その後、二人の治療を終えたライムはイムと合流するために近辺を探してみたら見つからなかった。

もしかしたら宿に戻ったのかもしれない、それかハルクと合流したのかもしれない。

ライム自身、まだ意識の戻らないあの二人を離れるわけにはいかないためそう遠くへは行けなかった。

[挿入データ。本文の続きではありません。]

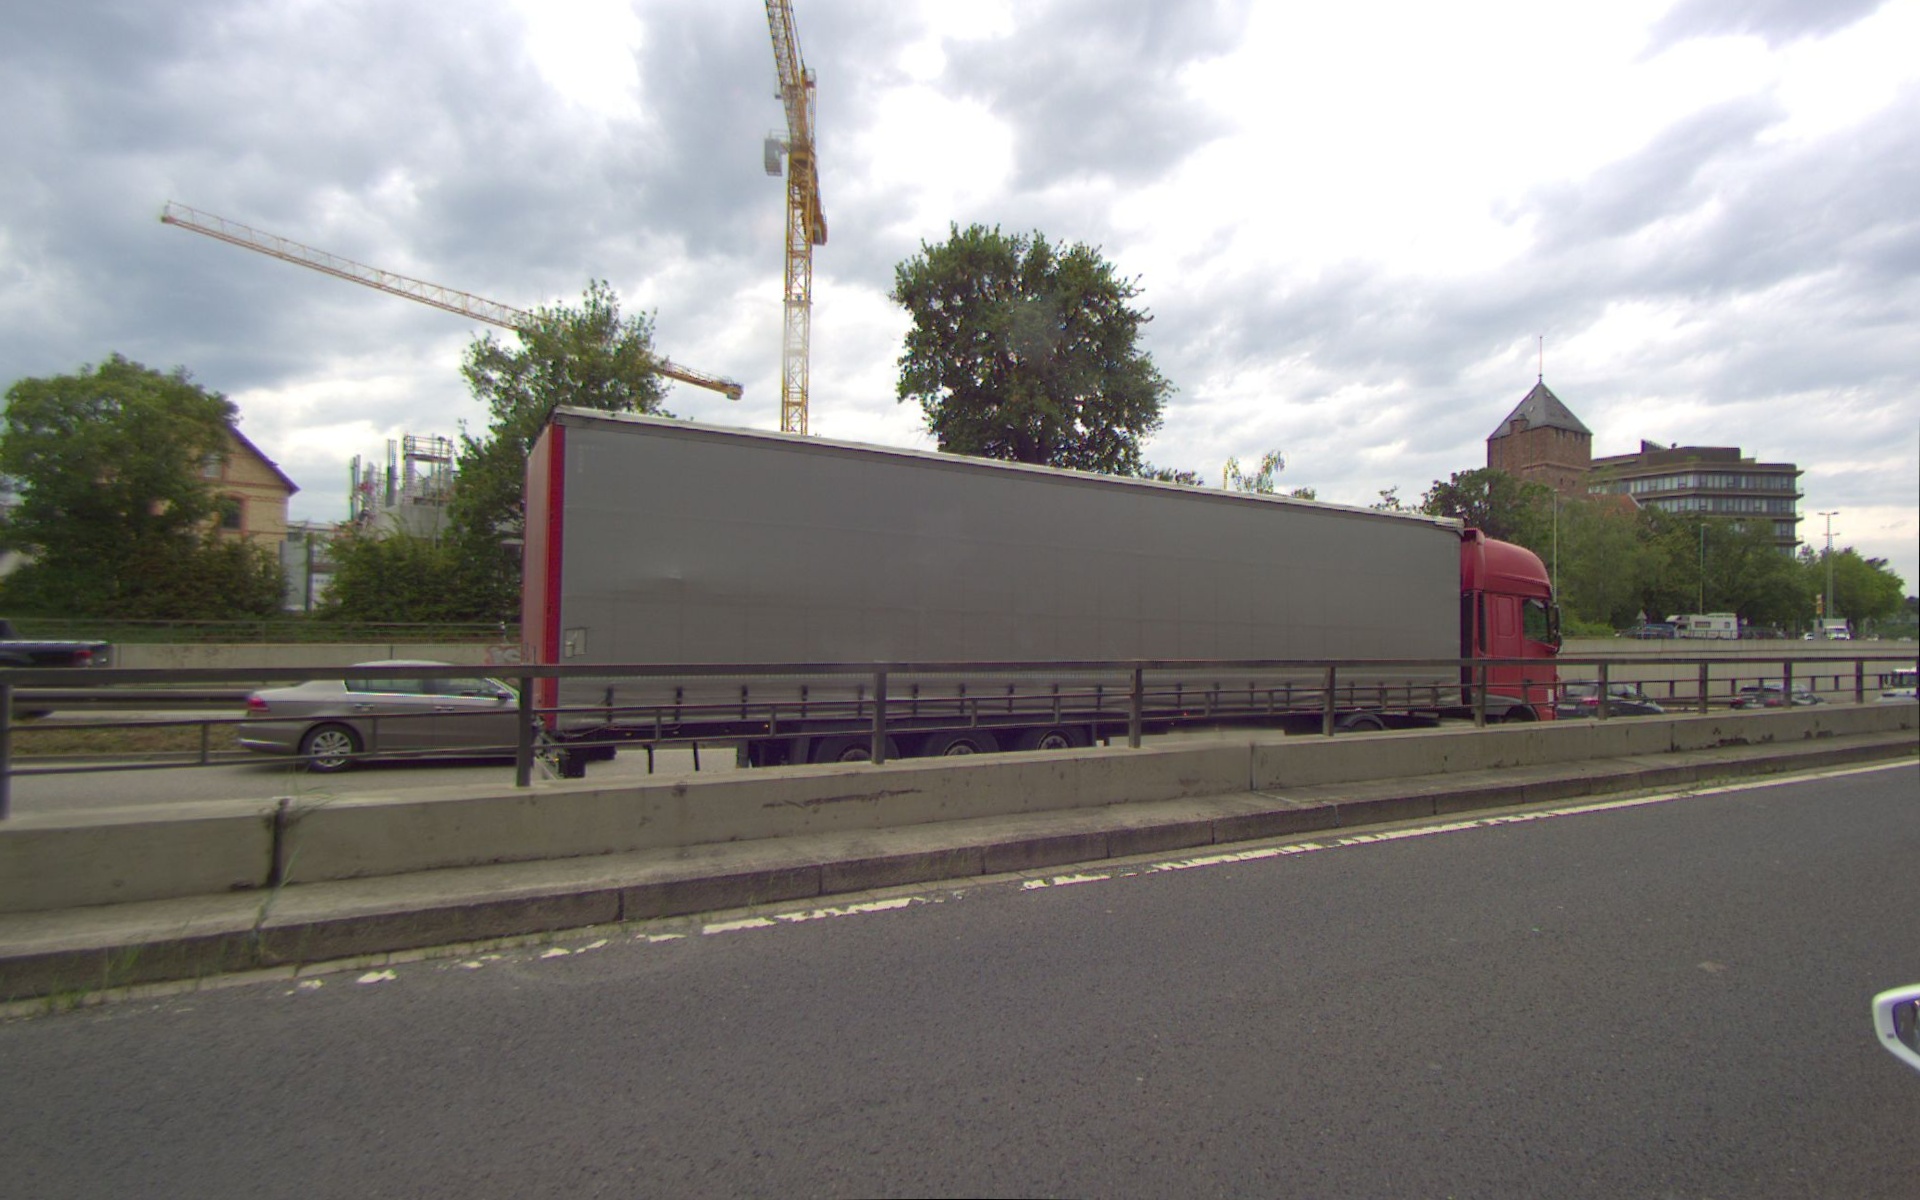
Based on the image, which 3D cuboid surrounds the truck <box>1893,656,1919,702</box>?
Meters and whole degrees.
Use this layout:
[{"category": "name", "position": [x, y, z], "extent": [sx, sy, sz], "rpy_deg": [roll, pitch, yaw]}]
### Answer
[{"category": "truck", "position": [75.263, 6.023, 77.164], "extent": [10.928, 3.396, 2.511], "rpy_deg": [2, -2, -32]}]

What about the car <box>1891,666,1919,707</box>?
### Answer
[{"category": "car", "position": [39.591, 3.498, 40.735], "extent": [3.851, 1.549, 1.616], "rpy_deg": [2, 0, -30]}]

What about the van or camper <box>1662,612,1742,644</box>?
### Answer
[{"category": "van or camper", "position": [72.515, 2.691, 98.289], "extent": [5.805, 2.847, 2.147], "rpy_deg": [2, 0, 16]}]

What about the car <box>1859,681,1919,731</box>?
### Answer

そう思いライムが二人の所に戻るとハルクとイムがいた。


「よぅライム、俺が追撃している間に中々無茶したみたじゃないか」


「全くだよ、あの火の海に飛び込んでよく無事だったよね。しかもきっちり救助もしちゃってるし」


ハルクは煙草を咥えながら、イムは呆れながら溜息を吐いた。


「俺が戻ってくる途中にここから出てくるお前を見つけたんだ。それで近くにいた若を拾ってここに来たってわけ」


「なるほどな」


「あと、奴らはやっぱりランダリーファミリーと名乗っていたが俺と若の知ってそうな奴は一人もいなかった」


ハルクが苦虫を潰したような表情を浮かべる。

ギリリッと悔しそうに歯をかみしめている様子を察するに追撃したが、取り逃がしてしまったようだ。


「それと奴らの中で一人だけ名前がわかった」


「まじか!?」


「あぁ、全身甲冑の野郎で素顔はわかんなかったが相当の実力者だった」


「全身甲冑?」


「ゲルマックって言ってたっけな?」


「ゲルマック、全身甲冑...」


ライムがハルクの言葉を復唱する。

やはりイムはそのような人物など知らないようで頭にクエスチョンマークを浮かべていた。


「それでこれからどうする?」


「一度宿に戻ろう。ミスティも戻ってるかもしれないし、もう日も暮れてきたからな」


「そうだな。一度対策を練ることも大切だ」


ライム達の言葉にイムも頷く。


「ちょ、ちょっと待ってくれ」


「せめて礼を言わせてくれないか?」


ライム達の話が一区切りした時に先ほどまで意識を失っていた二人の男が目を覚ました。

紫の髪と緑の髪をした二人の男たちは頭を下げる。


「ありがとう!俺たちを助けてくれて」


「い、いや、そんな」


「俺の名前はバロ。あんたの名前は?」


「俺はライム」


「ライムさん、いやライム様!俺たちは一生あんたのことを忘れないぜ!」


「ちなみに俺はディラだ!よろしくな、ライムさん!」


紫髪の男はバロと名乗り、緑髪の男はディラと名乗った。

ライムが戸惑っているとディラが声をかける。


「それより、さっきゲルマックって名前が出てなかったかい?」


「言ってたけど、どうかしたの?」


「いえ、実は昔この街にそんな名前をした凄腕の戦士がいた気がするんですよ、なぁバロ」


「そういやいたな、この街がまだ魔法都市なんて言われる前の話だったから大体30年くらい前のことか」


バロとディラの言葉にライム達は驚く、しかし、バロはさらに驚愕の真実をライム達に突きつける。